• _What you should do_: Which lines run from the line with "Lst, RL are" through the line with "Review record. Determine" in the entries below? Print them exactly, both ends included, and nothing more.

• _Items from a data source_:
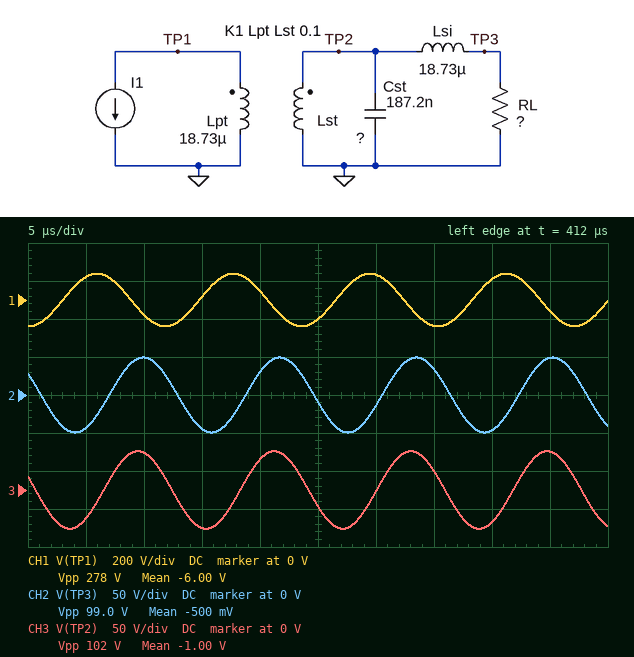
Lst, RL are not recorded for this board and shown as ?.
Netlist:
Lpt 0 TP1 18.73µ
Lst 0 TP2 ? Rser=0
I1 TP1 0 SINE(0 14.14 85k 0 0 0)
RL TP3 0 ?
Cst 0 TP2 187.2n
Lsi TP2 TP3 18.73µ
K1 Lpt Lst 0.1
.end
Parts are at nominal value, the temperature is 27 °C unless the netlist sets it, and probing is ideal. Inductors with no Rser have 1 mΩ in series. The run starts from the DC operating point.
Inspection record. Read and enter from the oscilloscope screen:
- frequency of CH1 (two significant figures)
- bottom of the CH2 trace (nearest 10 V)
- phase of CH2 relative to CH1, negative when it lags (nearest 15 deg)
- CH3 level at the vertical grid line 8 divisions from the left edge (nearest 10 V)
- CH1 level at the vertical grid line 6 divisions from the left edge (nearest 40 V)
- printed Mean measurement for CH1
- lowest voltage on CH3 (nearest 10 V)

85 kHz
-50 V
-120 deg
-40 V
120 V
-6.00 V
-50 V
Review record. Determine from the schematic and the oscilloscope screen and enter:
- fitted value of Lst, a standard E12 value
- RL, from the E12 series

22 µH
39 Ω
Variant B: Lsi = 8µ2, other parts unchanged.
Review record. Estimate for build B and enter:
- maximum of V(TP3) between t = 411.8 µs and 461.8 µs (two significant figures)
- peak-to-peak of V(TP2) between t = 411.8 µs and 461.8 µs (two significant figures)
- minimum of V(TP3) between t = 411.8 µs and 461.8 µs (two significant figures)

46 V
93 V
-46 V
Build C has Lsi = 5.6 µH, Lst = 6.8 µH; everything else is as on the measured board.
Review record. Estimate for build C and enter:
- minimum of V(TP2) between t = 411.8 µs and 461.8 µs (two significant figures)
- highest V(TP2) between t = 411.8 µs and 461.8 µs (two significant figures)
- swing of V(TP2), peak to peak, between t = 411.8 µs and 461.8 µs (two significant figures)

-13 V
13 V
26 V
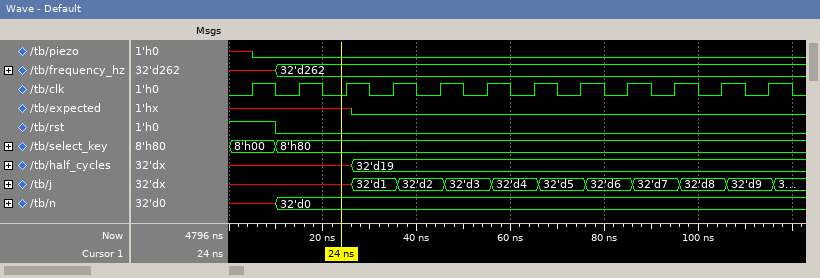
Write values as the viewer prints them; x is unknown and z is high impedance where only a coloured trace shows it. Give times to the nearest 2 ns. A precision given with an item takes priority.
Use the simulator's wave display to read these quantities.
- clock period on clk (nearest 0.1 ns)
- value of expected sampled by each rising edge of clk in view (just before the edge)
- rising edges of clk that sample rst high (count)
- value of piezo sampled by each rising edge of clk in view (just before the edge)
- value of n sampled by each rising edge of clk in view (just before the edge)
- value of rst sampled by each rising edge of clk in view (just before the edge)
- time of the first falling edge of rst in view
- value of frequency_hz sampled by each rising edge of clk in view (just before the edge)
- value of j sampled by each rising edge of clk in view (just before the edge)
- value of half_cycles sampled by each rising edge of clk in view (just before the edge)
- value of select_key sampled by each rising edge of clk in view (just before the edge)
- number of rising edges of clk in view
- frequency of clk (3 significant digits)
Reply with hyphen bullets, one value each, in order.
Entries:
---
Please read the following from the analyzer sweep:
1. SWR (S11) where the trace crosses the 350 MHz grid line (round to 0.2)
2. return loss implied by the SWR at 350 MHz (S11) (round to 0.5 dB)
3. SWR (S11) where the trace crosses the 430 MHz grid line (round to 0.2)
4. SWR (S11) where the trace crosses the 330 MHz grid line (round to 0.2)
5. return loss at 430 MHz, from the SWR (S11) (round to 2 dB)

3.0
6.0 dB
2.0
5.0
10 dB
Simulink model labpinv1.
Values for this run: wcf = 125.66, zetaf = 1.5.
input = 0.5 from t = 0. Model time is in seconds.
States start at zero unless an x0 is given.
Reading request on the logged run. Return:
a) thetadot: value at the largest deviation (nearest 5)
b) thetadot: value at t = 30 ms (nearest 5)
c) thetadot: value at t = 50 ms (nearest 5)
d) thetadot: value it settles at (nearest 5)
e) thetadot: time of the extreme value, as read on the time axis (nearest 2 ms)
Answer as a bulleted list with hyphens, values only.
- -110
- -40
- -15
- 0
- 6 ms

• _Answer to this exercise_:
Lst, RL are not recorded for this board and shown as ?.
Netlist:
Lpt 0 TP1 18.73µ
Lst 0 TP2 ? Rser=0
I1 TP1 0 SINE(0 14.14 85k 0 0 0)
RL TP3 0 ?
Cst 0 TP2 187.2n
Lsi TP2 TP3 18.73µ
K1 Lpt Lst 0.1
.end
Parts are at nominal value, the temperature is 27 °C unless the netlist sets it, and probing is ideal. Inductors with no Rser have 1 mΩ in series. The run starts from the DC operating point.
Inspection record. Read and enter from the oscilloscope screen:
- frequency of CH1 (two significant figures)
- bottom of the CH2 trace (nearest 10 V)
- phase of CH2 relative to CH1, negative when it lags (nearest 15 deg)
- CH3 level at the vertical grid line 8 divisions from the left edge (nearest 10 V)
- CH1 level at the vertical grid line 6 divisions from the left edge (nearest 40 V)
- printed Mean measurement for CH1
- lowest voltage on CH3 (nearest 10 V)

85 kHz
-50 V
-120 deg
-40 V
120 V
-6.00 V
-50 V
Review record. Determine from the schematic and the oscilloscope screen and enter:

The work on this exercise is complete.